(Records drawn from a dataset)
%%

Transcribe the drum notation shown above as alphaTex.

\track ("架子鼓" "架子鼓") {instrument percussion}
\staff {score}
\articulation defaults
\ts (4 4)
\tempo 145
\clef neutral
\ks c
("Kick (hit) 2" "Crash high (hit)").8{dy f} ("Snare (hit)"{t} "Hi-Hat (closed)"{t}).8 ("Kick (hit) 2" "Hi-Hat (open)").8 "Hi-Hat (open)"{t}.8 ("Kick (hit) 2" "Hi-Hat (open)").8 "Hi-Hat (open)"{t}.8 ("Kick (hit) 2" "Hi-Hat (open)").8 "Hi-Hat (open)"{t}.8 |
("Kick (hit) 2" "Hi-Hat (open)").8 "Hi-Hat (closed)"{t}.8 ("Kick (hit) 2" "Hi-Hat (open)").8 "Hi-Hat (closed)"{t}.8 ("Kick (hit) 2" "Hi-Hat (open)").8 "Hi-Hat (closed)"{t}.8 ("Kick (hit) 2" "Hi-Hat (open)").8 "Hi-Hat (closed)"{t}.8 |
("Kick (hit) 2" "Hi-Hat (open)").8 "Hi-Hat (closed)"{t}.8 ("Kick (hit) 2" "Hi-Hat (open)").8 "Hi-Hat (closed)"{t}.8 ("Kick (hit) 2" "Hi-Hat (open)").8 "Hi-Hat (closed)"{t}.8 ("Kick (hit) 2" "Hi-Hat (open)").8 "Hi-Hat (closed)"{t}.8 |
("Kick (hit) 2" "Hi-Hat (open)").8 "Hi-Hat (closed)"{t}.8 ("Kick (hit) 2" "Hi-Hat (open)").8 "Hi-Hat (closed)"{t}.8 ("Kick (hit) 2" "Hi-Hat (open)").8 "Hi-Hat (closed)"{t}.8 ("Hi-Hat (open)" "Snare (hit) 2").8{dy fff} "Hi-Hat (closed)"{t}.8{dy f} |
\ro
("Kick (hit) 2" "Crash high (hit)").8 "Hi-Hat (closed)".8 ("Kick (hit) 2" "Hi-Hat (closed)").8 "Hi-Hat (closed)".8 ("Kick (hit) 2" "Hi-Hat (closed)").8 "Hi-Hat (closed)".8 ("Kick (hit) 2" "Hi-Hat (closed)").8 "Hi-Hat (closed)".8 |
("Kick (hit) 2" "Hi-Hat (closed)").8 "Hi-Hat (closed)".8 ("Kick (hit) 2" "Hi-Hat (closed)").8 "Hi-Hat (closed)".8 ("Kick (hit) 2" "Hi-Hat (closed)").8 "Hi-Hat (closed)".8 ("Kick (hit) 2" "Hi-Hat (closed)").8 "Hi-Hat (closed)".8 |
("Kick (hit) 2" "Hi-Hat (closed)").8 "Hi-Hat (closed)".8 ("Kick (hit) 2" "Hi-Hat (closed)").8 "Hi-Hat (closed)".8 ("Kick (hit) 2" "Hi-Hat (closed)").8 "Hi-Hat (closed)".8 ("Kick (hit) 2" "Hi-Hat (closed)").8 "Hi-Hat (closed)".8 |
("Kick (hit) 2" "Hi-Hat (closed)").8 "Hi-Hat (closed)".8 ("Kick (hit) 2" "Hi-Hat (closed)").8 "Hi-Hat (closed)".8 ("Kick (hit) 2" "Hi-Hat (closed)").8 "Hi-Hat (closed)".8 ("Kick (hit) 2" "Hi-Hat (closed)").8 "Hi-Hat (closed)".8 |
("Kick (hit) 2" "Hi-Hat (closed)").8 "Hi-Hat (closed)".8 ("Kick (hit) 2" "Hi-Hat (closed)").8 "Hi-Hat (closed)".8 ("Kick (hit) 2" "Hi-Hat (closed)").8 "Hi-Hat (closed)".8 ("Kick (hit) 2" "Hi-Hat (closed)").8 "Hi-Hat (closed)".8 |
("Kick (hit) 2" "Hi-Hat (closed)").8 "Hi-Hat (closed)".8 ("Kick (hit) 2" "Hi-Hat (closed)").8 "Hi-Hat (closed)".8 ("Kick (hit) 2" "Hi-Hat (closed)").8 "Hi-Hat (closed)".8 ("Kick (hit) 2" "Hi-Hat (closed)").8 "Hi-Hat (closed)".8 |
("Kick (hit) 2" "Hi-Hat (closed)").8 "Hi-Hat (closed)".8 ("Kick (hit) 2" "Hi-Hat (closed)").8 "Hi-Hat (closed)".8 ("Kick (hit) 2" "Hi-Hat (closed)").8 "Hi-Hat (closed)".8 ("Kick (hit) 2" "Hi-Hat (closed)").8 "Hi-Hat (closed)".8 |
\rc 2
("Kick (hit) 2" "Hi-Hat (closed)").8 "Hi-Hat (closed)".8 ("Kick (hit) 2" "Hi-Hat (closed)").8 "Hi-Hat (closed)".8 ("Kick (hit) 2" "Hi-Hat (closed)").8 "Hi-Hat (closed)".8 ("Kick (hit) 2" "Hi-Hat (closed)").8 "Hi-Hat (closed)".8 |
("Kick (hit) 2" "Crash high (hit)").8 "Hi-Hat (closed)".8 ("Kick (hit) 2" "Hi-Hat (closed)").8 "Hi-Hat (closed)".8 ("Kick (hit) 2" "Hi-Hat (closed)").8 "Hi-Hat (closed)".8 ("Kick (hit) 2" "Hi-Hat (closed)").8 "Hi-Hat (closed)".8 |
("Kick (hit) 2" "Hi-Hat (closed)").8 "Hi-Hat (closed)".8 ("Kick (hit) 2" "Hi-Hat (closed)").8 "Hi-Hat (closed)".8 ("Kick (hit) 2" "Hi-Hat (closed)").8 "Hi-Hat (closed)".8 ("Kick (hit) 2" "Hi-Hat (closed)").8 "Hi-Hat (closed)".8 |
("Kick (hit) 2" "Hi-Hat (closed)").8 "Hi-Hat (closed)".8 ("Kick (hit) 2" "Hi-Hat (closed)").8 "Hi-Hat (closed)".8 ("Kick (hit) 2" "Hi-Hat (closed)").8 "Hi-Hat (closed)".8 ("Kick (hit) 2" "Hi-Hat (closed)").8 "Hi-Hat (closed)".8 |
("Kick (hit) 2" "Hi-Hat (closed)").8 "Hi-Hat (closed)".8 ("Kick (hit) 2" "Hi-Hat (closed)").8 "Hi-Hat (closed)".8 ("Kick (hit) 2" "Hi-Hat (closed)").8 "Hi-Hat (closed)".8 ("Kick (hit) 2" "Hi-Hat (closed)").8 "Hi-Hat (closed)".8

%%

• Task: Where a line in the entries holds "open", copy that line.

• Written solution:
("Kick (hit) 2" "Crash high (hit)").8{dy f} ("Snare (hit)"{t} "Hi-Hat (closed)"{t}).8 ("Kick (hit) 2" "Hi-Hat (open)").8 "Hi-Hat (open)"{t}.8 ("Kick (hit) 2" "Hi-Hat (open)").8 "Hi-Hat (open)"{t}.8 ("Kick (hit) 2" "Hi-Hat (open)").8 "Hi-Hat (open)"{t}.8 |
("Kick (hit) 2" "Hi-Hat (open)").8 "Hi-Hat (closed)"{t}.8 ("Kick (hit) 2" "Hi-Hat (open)").8 "Hi-Hat (closed)"{t}.8 ("Kick (hit) 2" "Hi-Hat (open)").8 "Hi-Hat (closed)"{t}.8 ("Kick (hit) 2" "Hi-Hat (open)").8 "Hi-Hat (closed)"{t}.8 |
("Kick (hit) 2" "Hi-Hat (open)").8 "Hi-Hat (closed)"{t}.8 ("Kick (hit) 2" "Hi-Hat (open)").8 "Hi-Hat (closed)"{t}.8 ("Kick (hit) 2" "Hi-Hat (open)").8 "Hi-Hat (closed)"{t}.8 ("Kick (hit) 2" "Hi-Hat (open)").8 "Hi-Hat (closed)"{t}.8 |
("Kick (hit) 2" "Hi-Hat (open)").8 "Hi-Hat (closed)"{t}.8 ("Kick (hit) 2" "Hi-Hat (open)").8 "Hi-Hat (closed)"{t}.8 ("Kick (hit) 2" "Hi-Hat (open)").8 "Hi-Hat (closed)"{t}.8 ("Hi-Hat (open)" "Snare (hit) 2").8{dy fff} "Hi-Hat (closed)"{t}.8{dy f} |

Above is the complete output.